Essa agenda tem sido bem recebida por governos de direita recém-eleitos na Colômbia, no Equador e no Peru, que chegaram ao poder com a promessa de combater as organizações criminais transnacionais com mãos de ferro.

No entanto, na Amazônia, em outras florestas, nos páramos de alta altitude e em outras áreas visadas para a mineração —, essas políticas estão causando o medo de que a violência se agrave. A mineração tem sido apontada repetidamente como o setor mais associado a assassinatos de defensores ambientais, pessoas que atuam de forma pacífica para proteger a natureza e seus territórios.

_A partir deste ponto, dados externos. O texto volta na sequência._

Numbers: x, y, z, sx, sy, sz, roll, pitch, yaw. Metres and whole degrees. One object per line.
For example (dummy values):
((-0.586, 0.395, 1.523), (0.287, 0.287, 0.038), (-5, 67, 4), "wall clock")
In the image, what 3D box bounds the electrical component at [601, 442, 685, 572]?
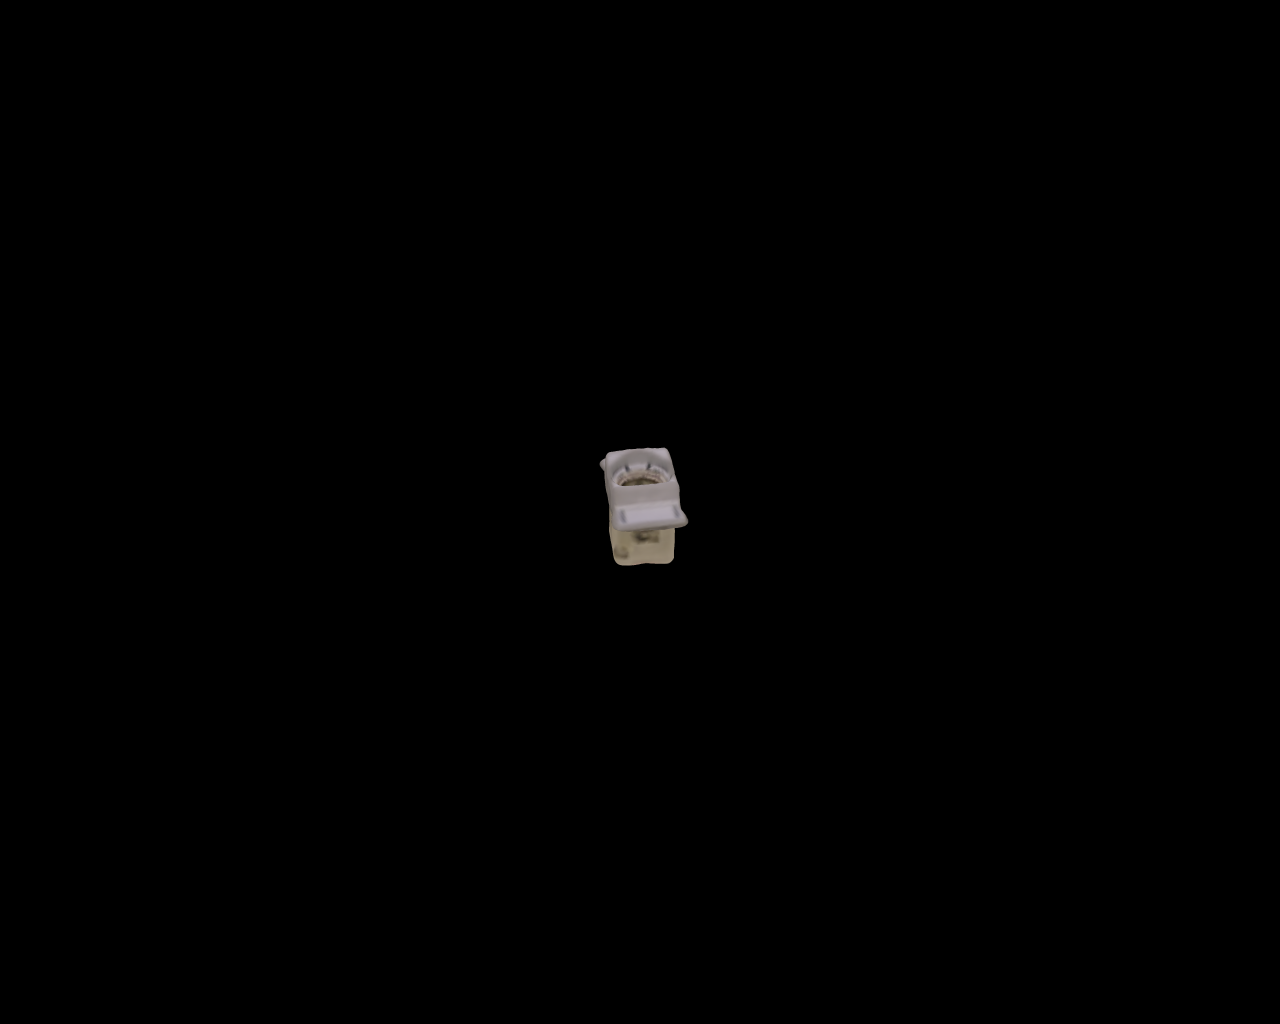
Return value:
((0.001, -0.003, 0.650), (0.042, 0.063, 0.081), (-3, 34, -5), "electrical component")

Rubio iniciou sua viagem pela Colômbia, na terça-feira, onde se reuniu com o presidente Abelardo de la Espriella, um ex-advogado criminalista que se autodenomina “O Tigre”. Os dois governos assinaram um acordo sobre minerais e cooperação nuclear civil, apresentando os pactos como parte de um esforço mais amplo para estreitar laços econômicos e de segurança.

Secretary of State Marco Rubio (left) and Ecuador’s Foreign Affairs Minister Roberto Kury shake hands after a press conference in Quito on Wednesday. Credit: Inside Climate News.

O secretário de Estado Marco Rubio (à esquerda) e o ministro das Relações Exteriores do Equador, Roberto Kury, apertam as mãos após uma entrevista coletiva em Quito, na quarta-feira (09). Foto: Inside Climate News.

Segundo o Departamento de Estado, o acordo prevê que os dois países financiem projetos de extração e processamento mineral no prazo de seis meses. O texto também estipula que os governos se comprometerão a apoiar esses projetos por meio de empréstimos, seguros, investimentos de capital, medidas para facilitar os trâmites administrativos, uma tramitação simplificada das licenças e mais mecanismos voltados à proteção do mercado, como as revisões por motivo de segurança nacional.

O governo Trump tem apresentado constantemente a mineração — e a aquisição de minerais que considera “críticos”, como prata e cobre — como um imperativo de segurança nacional, com o objetivo de contrapor-se  domínio da China em minerais críticos.

O Departamento de Estado dos EUA não divulgou a íntegra do acordo e direcionou a Inside Climate News para uma ficha informativa. Um porta-voz do órgão afirmou, por e-mail, que os Estados Unidos estão comprometidos com acordos de minerais críticos que sejam “transparentes, regidos por normas e mutuamente benéficos”. A mineração ilegal prejudica os trabalhadores e o meio ambiente, afirmou o porta-voz, acrescentando: “O melhor caminho para combater a mineração ilegal é por meio da mineração legal”.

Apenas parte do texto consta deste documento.